• [WORK TO COMPLETE]: Produce a word-for-word copy of the data below.

- - - -

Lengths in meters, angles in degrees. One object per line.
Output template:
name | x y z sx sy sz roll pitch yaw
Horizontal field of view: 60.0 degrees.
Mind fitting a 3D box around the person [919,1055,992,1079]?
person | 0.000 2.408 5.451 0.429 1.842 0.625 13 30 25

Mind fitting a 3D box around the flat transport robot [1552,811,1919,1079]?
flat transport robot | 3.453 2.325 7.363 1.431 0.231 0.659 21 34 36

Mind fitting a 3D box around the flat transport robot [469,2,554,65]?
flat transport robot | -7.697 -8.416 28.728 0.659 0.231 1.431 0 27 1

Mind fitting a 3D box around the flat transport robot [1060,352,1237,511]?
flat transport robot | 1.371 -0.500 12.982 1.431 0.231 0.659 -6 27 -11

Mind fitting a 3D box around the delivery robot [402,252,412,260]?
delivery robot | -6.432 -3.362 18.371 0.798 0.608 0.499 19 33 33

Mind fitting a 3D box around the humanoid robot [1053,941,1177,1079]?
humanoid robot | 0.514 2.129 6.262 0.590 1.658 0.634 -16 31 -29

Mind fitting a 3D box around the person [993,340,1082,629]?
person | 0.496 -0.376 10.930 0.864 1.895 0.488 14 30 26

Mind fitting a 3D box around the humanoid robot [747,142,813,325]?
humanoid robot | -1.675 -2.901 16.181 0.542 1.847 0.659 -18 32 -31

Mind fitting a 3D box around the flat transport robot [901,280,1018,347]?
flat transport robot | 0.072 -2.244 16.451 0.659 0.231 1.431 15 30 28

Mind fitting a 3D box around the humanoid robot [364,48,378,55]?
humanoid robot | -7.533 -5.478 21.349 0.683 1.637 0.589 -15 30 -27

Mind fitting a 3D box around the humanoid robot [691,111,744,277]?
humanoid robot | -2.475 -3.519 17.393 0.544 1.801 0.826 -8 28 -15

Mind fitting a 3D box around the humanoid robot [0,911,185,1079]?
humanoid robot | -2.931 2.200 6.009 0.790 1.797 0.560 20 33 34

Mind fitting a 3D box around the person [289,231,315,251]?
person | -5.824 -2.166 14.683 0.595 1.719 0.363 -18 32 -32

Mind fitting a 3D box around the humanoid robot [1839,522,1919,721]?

- - - -

• [SOLUTION TO THIS PROBLEM]:
Lengths in meters, angles in degrees. One object per line.
Output template:
name | x y z sx sy sz roll pitch yaw
Horizontal field of view: 60.0 degrees.
Mind fitting a 3D box around the person [919,1055,992,1079]?
person | 0.000 2.408 5.451 0.429 1.842 0.625 13 30 25

Mind fitting a 3D box around the flat transport robot [1552,811,1919,1079]?
flat transport robot | 3.453 2.325 7.363 1.431 0.231 0.659 21 34 36

Mind fitting a 3D box around the flat transport robot [469,2,554,65]?
flat transport robot | -7.697 -8.416 28.728 0.659 0.231 1.431 0 27 1

Mind fitting a 3D box around the flat transport robot [1060,352,1237,511]?
flat transport robot | 1.371 -0.500 12.982 1.431 0.231 0.659 -6 27 -11

Mind fitting a 3D box around the delivery robot [402,252,412,260]?
delivery robot | -6.432 -3.362 18.371 0.798 0.608 0.499 19 33 33

Mind fitting a 3D box around the humanoid robot [1053,941,1177,1079]?
humanoid robot | 0.514 2.129 6.262 0.590 1.658 0.634 -16 31 -29

Mind fitting a 3D box around the person [993,340,1082,629]?
person | 0.496 -0.376 10.930 0.864 1.895 0.488 14 30 26

Mind fitting a 3D box around the humanoid robot [747,142,813,325]?
humanoid robot | -1.675 -2.901 16.181 0.542 1.847 0.659 -18 32 -31

Mind fitting a 3D box around the flat transport robot [901,280,1018,347]?
flat transport robot | 0.072 -2.244 16.451 0.659 0.231 1.431 15 30 28

Mind fitting a 3D box around the humanoid robot [364,48,378,55]?
humanoid robot | -7.533 -5.478 21.349 0.683 1.637 0.589 -15 30 -27

Mind fitting a 3D box around the humanoid robot [691,111,744,277]?
humanoid robot | -2.475 -3.519 17.393 0.544 1.801 0.826 -8 28 -15

Mind fitting a 3D box around the humanoid robot [0,911,185,1079]?
humanoid robot | -2.931 2.200 6.009 0.790 1.797 0.560 20 33 34

Mind fitting a 3D box around the person [289,231,315,251]?
person | -5.824 -2.166 14.683 0.595 1.719 0.363 -18 32 -32

Mind fitting a 3D box around the humanoid robot [1839,522,1919,721]?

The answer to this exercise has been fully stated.